(Collection entries)
-----
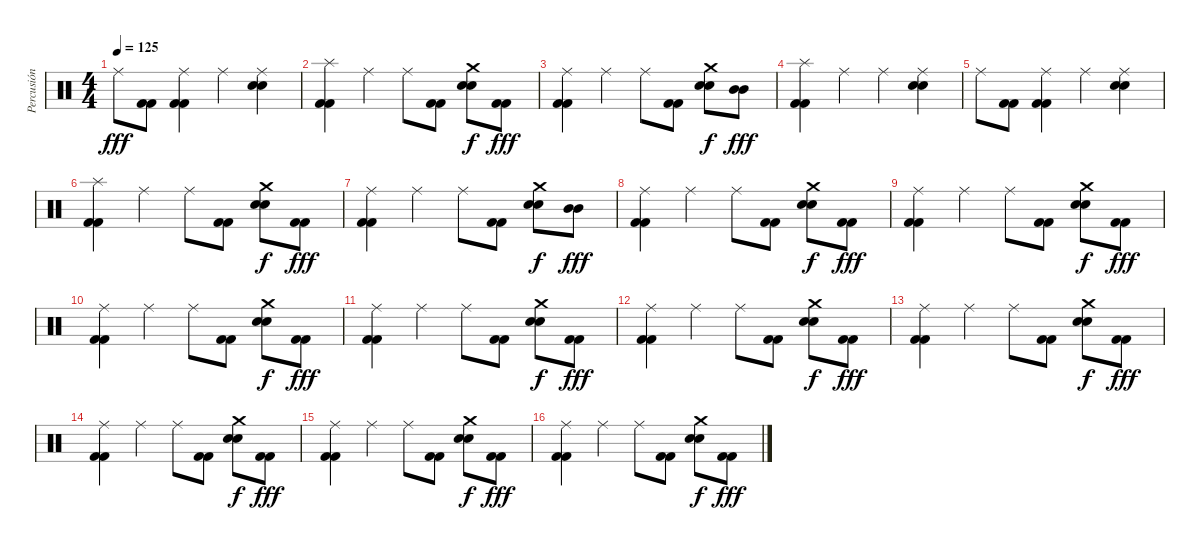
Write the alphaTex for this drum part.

\track ("Percusión" "Percusión") {instrument percussion}
\staff {score}
\articulation defaults
\ts (4 4)
\tempo 125
\clef neutral
\ks c "Ride (middle)".8{dy fff}
("Kick (hit) 2" "Kick (hit) 2").8 ("Ride (middle)" "Kick (hit) 2" "Kick (hit) 2").4 "Ride (middle)".4 ("Ride (middle)" "Electric Snare (hit)" "Electric Snare (hit)").4 |
("Splash (hit)" "Kick (hit) 2" "Kick (hit) 2").4 "Ride (middle)".4 "Ride (middle)".8 ("Kick (hit) 2" "Kick (hit) 2").8 ("Crash medium (hit)" "Electric Snare (hit)" "Electric Snare (hit)").8{dy f} ("Kick (hit) 2" "Kick (hit) 2").8{dy fff} |
("Ride (middle)" "Kick (hit) 2" "Kick (hit) 2").4 "Ride (middle)".4 "Ride (middle)".8 ("Kick (hit) 2" "Kick (hit) 2").8 ("Crash medium (hit)" "Electric Snare (hit)" "Electric Snare (hit)").8{dy f} ("Mid Tom (hit)" "Mid Tom (hit)").8{dy fff} |
("Splash (hit)" "Kick (hit) 2" "Kick (hit) 2").4 "Ride (middle)".4 "Ride (middle)".4 ("Ride (middle)" "Electric Snare (hit)" "Electric Snare (hit)").4 |
"Ride (middle)".8 ("Kick (hit) 2" "Kick (hit) 2").8 ("Ride (middle)" "Kick (hit) 2" "Kick (hit) 2").4 "Ride (middle)".4 ("Ride (middle)" "Electric Snare (hit)" "Electric Snare (hit)").4 |
("Splash (hit)" "Kick (hit) 2" "Kick (hit) 2").4 "Ride (middle)".4 "Ride (middle)".8 ("Kick (hit) 2" "Kick (hit) 2").8 ("Crash medium (hit)" "Electric Snare (hit)" "Electric Snare (hit)").8{dy f} ("Kick (hit) 2" "Kick (hit) 2").8{dy fff} |
("Ride (middle)" "Kick (hit) 2" "Kick (hit) 2").4 "Ride (middle)".4 "Ride (middle)".8 ("Kick (hit) 2" "Kick (hit) 2").8 ("Crash medium (hit)" "Electric Snare (hit)" "Electric Snare (hit)").8{dy f} ("Mid Tom (hit)" "Mid Tom (hit)").8{dy fff} |
("Ride (middle)" "Kick (hit) 2" "Kick (hit) 2").4 "Ride (middle)".4 "Ride (middle)".8 ("Kick (hit) 2" "Kick (hit) 2").8 ("Crash medium (hit)" "Electric Snare (hit)" "Electric Snare (hit)").8{dy f} ("Kick (hit) 2" "Kick (hit) 2").8{dy fff} |
("Ride (middle)" "Kick (hit) 2" "Kick (hit) 2").4 "Ride (middle)".4 "Ride (middle)".8 ("Kick (hit) 2" "Kick (hit) 2").8 ("Crash medium (hit)" "Electric Snare (hit)" "Electric Snare (hit)").8{dy f} ("Kick (hit) 2" "Kick (hit) 2").8{dy fff} |
("Ride (middle)" "Kick (hit) 2" "Kick (hit) 2").4 "Ride (middle)".4 "Ride (middle)".8 ("Kick (hit) 2" "Kick (hit) 2").8 ("Crash medium (hit)" "Electric Snare (hit)" "Electric Snare (hit)").8{dy f} ("Kick (hit) 2" "Kick (hit) 2").8{dy fff} |
("Ride (middle)" "Kick (hit) 2" "Kick (hit) 2").4 "Ride (middle)".4 "Ride (middle)".8 ("Kick (hit) 2" "Kick (hit) 2").8 ("Crash medium (hit)" "Electric Snare (hit)" "Electric Snare (hit)").8{dy f} ("Kick (hit) 2" "Kick (hit) 2").8{dy fff} |
("Ride (middle)" "Kick (hit) 2" "Kick (hit) 2").4 "Ride (middle)".4 "Ride (middle)".8 ("Kick (hit) 2" "Kick (hit) 2").8 ("Crash medium (hit)" "Electric Snare (hit)" "Electric Snare (hit)").8{dy f} ("Kick (hit) 2" "Kick (hit) 2").8{dy fff} |
("Ride (middle)" "Kick (hit) 2" "Kick (hit) 2").4 "Ride (middle)".4 "Ride (middle)".8 ("Kick (hit) 2" "Kick (hit) 2").8 ("Crash medium (hit)" "Electric Snare (hit)" "Electric Snare (hit)").8{dy f} ("Kick (hit) 2" "Kick (hit) 2").8{dy fff} |
("Ride (middle)" "Kick (hit) 2" "Kick (hit) 2").4 "Ride (middle)".4 "Ride (middle)".8 ("Kick (hit) 2" "Kick (hit) 2").8 ("Crash medium (hit)" "Electric Snare (hit)" "Electric Snare (hit)").8{dy f} ("Kick (hit) 2" "Kick (hit) 2").8{dy fff} |
("Ride (middle)" "Kick (hit) 2" "Kick (hit) 2").4 "Ride (middle)".4 "Ride (middle)".8 ("Kick (hit) 2" "Kick (hit) 2").8 ("Crash medium (hit)" "Electric Snare (hit)" "Electric Snare (hit)").8{dy f} ("Kick (hit) 2" "Kick (hit) 2").8{dy fff} |
("Ride (middle)" "Kick (hit) 2" "Kick (hit) 2").4 "Ride (middle)".4 "Ride (middle)".8 ("Kick (hit) 2" "Kick (hit) 2").8 ("Crash medium (hit)" "Electric Snare (hit)" "Electric Snare (hit)").8{dy f} ("Kick (hit) 2" "Kick (hit) 2").8{dy fff}
-----
Required work - From the first line to the last, write out the data above exactly. Omit the pictures.

Solution to this exercise -
Write the alphaTex for this drum part.

\track ("Percusión" "Percusión") {instrument percussion}
\staff {score}
\articulation defaults
\ts (4 4)
\tempo 125
\clef neutral
\ks c "Ride (middle)".8{dy fff}
("Kick (hit) 2" "Kick (hit) 2").8 ("Ride (middle)" "Kick (hit) 2" "Kick (hit) 2").4 "Ride (middle)".4 ("Ride (middle)" "Electric Snare (hit)" "Electric Snare (hit)").4 |
("Splash (hit)" "Kick (hit) 2" "Kick (hit) 2").4 "Ride (middle)".4 "Ride (middle)".8 ("Kick (hit) 2" "Kick (hit) 2").8 ("Crash medium (hit)" "Electric Snare (hit)" "Electric Snare (hit)").8{dy f} ("Kick (hit) 2" "Kick (hit) 2").8{dy fff} |
("Ride (middle)" "Kick (hit) 2" "Kick (hit) 2").4 "Ride (middle)".4 "Ride (middle)".8 ("Kick (hit) 2" "Kick (hit) 2").8 ("Crash medium (hit)" "Electric Snare (hit)" "Electric Snare (hit)").8{dy f} ("Mid Tom (hit)" "Mid Tom (hit)").8{dy fff} |
("Splash (hit)" "Kick (hit) 2" "Kick (hit) 2").4 "Ride (middle)".4 "Ride (middle)".4 ("Ride (middle)" "Electric Snare (hit)" "Electric Snare (hit)").4 |
"Ride (middle)".8 ("Kick (hit) 2" "Kick (hit) 2").8 ("Ride (middle)" "Kick (hit) 2" "Kick (hit) 2").4 "Ride (middle)".4 ("Ride (middle)" "Electric Snare (hit)" "Electric Snare (hit)").4 |
("Splash (hit)" "Kick (hit) 2" "Kick (hit) 2").4 "Ride (middle)".4 "Ride (middle)".8 ("Kick (hit) 2" "Kick (hit) 2").8 ("Crash medium (hit)" "Electric Snare (hit)" "Electric Snare (hit)").8{dy f} ("Kick (hit) 2" "Kick (hit) 2").8{dy fff} |
("Ride (middle)" "Kick (hit) 2" "Kick (hit) 2").4 "Ride (middle)".4 "Ride (middle)".8 ("Kick (hit) 2" "Kick (hit) 2").8 ("Crash medium (hit)" "Electric Snare (hit)" "Electric Snare (hit)").8{dy f} ("Mid Tom (hit)" "Mid Tom (hit)").8{dy fff} |
("Ride (middle)" "Kick (hit) 2" "Kick (hit) 2").4 "Ride (middle)".4 "Ride (middle)".8 ("Kick (hit) 2" "Kick (hit) 2").8 ("Crash medium (hit)" "Electric Snare (hit)" "Electric Snare (hit)").8{dy f} ("Kick (hit) 2" "Kick (hit) 2").8{dy fff} |
("Ride (middle)" "Kick (hit) 2" "Kick (hit) 2").4 "Ride (middle)".4 "Ride (middle)".8 ("Kick (hit) 2" "Kick (hit) 2").8 ("Crash medium (hit)" "Electric Snare (hit)" "Electric Snare (hit)").8{dy f} ("Kick (hit) 2" "Kick (hit) 2").8{dy fff} |
("Ride (middle)" "Kick (hit) 2" "Kick (hit) 2").4 "Ride (middle)".4 "Ride (middle)".8 ("Kick (hit) 2" "Kick (hit) 2").8 ("Crash medium (hit)" "Electric Snare (hit)" "Electric Snare (hit)").8{dy f} ("Kick (hit) 2" "Kick (hit) 2").8{dy fff} |
("Ride (middle)" "Kick (hit) 2" "Kick (hit) 2").4 "Ride (middle)".4 "Ride (middle)".8 ("Kick (hit) 2" "Kick (hit) 2").8 ("Crash medium (hit)" "Electric Snare (hit)" "Electric Snare (hit)").8{dy f} ("Kick (hit) 2" "Kick (hit) 2").8{dy fff} |
("Ride (middle)" "Kick (hit) 2" "Kick (hit) 2").4 "Ride (middle)".4 "Ride (middle)".8 ("Kick (hit) 2" "Kick (hit) 2").8 ("Crash medium (hit)" "Electric Snare (hit)" "Electric Snare (hit)").8{dy f} ("Kick (hit) 2" "Kick (hit) 2").8{dy fff} |
("Ride (middle)" "Kick (hit) 2" "Kick (hit) 2").4 "Ride (middle)".4 "Ride (middle)".8 ("Kick (hit) 2" "Kick (hit) 2").8 ("Crash medium (hit)" "Electric Snare (hit)" "Electric Snare (hit)").8{dy f} ("Kick (hit) 2" "Kick (hit) 2").8{dy fff} |
("Ride (middle)" "Kick (hit) 2" "Kick (hit) 2").4 "Ride (middle)".4 "Ride (middle)".8 ("Kick (hit) 2" "Kick (hit) 2").8 ("Crash medium (hit)" "Electric Snare (hit)" "Electric Snare (hit)").8{dy f} ("Kick (hit) 2" "Kick (hit) 2").8{dy fff} |
("Ride (middle)" "Kick (hit) 2" "Kick (hit) 2").4 "Ride (middle)".4 "Ride (middle)".8 ("Kick (hit) 2" "Kick (hit) 2").8 ("Crash medium (hit)" "Electric Snare (hit)" "Electric Snare (hit)").8{dy f} ("Kick (hit) 2" "Kick (hit) 2").8{dy fff} |
("Ride (middle)" "Kick (hit) 2" "Kick (hit) 2").4 "Ride (middle)".4 "Ride (middle)".8 ("Kick (hit) 2" "Kick (hit) 2").8 ("Crash medium (hit)" "Electric Snare (hit)" "Electric Snare (hit)").8{dy f} ("Kick (hit) 2" "Kick (hit) 2").8{dy fff}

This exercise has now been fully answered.